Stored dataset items
========================
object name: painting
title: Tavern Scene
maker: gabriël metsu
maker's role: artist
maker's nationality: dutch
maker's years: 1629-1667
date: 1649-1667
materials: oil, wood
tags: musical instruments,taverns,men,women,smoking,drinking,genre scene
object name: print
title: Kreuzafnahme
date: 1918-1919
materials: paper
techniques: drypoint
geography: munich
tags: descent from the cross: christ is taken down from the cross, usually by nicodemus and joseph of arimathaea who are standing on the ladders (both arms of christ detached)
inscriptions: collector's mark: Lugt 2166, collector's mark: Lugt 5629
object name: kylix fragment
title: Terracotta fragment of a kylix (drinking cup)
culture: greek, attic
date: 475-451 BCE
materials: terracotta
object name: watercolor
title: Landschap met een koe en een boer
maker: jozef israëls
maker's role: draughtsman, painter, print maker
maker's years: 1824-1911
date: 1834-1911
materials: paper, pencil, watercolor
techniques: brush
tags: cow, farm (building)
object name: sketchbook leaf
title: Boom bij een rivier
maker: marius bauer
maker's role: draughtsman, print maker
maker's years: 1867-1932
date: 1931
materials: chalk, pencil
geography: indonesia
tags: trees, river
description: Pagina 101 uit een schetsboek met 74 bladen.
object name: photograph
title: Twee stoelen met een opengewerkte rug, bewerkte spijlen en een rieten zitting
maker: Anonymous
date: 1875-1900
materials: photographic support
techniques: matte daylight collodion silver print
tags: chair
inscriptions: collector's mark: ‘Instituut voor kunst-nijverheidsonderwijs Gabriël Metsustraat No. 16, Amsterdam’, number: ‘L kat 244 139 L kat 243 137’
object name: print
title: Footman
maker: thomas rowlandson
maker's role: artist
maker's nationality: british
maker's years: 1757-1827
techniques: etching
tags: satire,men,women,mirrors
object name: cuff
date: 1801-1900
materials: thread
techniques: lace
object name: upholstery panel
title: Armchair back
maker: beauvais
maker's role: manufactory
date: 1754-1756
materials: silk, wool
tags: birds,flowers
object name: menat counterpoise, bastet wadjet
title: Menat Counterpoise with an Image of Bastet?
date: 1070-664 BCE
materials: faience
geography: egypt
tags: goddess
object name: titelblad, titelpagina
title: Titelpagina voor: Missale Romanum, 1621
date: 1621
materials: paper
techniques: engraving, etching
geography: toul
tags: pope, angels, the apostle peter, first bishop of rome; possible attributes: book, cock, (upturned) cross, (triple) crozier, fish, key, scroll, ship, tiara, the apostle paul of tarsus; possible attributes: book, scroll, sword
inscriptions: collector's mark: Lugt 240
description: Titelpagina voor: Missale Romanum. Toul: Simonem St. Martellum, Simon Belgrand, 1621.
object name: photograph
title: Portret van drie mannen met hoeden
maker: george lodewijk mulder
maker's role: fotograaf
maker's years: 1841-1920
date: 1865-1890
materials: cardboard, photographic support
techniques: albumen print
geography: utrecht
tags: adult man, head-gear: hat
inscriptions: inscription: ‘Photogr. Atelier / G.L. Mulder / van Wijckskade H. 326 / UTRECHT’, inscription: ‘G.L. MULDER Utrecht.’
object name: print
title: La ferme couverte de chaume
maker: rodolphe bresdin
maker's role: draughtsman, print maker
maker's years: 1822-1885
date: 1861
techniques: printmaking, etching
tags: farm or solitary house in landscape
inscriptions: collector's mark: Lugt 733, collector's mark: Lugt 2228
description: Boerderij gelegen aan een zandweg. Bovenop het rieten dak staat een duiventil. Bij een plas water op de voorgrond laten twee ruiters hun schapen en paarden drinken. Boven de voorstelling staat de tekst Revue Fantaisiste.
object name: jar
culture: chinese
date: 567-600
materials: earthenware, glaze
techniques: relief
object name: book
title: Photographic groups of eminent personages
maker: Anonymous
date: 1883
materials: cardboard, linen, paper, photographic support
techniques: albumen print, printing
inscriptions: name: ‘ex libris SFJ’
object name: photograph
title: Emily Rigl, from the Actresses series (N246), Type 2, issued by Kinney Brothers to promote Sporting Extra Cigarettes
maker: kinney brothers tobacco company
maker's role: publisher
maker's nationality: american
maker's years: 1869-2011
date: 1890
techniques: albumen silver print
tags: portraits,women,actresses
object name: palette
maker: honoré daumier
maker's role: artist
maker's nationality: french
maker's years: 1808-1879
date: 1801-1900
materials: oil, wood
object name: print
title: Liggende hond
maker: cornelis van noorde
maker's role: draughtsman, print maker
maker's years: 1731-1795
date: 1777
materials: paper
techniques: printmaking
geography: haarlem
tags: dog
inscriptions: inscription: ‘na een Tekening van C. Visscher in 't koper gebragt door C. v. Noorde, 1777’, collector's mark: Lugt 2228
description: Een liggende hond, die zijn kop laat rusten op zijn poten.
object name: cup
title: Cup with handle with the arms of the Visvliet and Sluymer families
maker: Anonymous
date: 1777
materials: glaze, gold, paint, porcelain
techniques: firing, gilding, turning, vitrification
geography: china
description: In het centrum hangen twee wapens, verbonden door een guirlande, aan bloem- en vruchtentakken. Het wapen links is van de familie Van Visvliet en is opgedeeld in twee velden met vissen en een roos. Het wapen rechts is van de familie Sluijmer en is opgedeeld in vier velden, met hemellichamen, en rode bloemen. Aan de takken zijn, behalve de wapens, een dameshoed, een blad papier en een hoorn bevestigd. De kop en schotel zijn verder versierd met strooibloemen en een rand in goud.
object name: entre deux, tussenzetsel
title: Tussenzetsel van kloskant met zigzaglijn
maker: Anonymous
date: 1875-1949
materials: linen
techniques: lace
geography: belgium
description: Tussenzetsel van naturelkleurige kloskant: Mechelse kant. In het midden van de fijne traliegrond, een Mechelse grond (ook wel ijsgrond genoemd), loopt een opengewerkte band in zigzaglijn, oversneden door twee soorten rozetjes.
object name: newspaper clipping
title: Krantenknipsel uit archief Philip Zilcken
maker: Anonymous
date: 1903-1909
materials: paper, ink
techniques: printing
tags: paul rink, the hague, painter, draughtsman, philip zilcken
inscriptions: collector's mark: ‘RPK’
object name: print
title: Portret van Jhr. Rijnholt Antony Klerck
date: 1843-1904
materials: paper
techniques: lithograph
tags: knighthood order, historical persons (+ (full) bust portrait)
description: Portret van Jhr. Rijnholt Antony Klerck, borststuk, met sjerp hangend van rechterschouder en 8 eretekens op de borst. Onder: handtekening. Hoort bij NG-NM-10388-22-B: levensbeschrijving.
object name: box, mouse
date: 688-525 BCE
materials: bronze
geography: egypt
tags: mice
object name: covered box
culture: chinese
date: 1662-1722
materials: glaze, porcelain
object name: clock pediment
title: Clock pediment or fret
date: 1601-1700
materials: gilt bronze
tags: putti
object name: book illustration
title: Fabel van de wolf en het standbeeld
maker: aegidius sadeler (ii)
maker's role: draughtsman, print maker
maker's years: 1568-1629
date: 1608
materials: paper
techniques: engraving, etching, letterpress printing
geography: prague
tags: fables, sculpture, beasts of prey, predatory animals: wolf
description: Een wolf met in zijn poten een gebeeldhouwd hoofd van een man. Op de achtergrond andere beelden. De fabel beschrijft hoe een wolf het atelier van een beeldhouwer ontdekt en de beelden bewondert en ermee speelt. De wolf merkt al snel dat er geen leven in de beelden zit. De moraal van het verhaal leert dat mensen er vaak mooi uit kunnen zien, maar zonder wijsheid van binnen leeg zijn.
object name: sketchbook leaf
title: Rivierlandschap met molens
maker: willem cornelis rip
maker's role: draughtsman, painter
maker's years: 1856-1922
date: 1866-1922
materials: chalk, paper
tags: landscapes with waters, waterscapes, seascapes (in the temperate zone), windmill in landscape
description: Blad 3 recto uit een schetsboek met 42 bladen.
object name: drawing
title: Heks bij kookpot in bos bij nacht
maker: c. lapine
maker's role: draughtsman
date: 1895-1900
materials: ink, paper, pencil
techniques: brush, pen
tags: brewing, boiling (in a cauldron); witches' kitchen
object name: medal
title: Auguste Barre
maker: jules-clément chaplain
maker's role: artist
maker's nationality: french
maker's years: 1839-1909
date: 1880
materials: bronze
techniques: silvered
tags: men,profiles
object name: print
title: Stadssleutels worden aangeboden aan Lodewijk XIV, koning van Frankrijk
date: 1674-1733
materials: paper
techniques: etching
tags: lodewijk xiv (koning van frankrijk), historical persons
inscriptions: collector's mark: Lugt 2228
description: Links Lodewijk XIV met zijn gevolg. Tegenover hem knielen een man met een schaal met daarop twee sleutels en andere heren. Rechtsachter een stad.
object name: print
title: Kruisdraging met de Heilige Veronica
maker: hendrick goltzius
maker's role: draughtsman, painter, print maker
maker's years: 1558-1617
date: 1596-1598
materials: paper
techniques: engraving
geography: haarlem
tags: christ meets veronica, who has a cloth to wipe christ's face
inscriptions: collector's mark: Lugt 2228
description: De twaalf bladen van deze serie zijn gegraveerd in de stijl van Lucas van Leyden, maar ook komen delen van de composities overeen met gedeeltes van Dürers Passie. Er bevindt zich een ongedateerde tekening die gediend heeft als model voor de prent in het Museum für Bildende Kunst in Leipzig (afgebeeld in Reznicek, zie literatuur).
========================
Try it
Bring together every line in the entries that holds the string "Lugt".

Answer space
inscriptions: collector's mark: Lugt 2166, collector's mark: Lugt 5629
inscriptions: collector's mark: Lugt 240
inscriptions: collector's mark: Lugt 733, collector's mark: Lugt 2228
inscriptions: inscription: ‘na een Tekening van C. Visscher in 't koper gebragt door C. v. Noorde, 1777’, collector's mark: Lugt 2228
inscriptions: collector's mark: Lugt 2228
inscriptions: collector's mark: Lugt 2228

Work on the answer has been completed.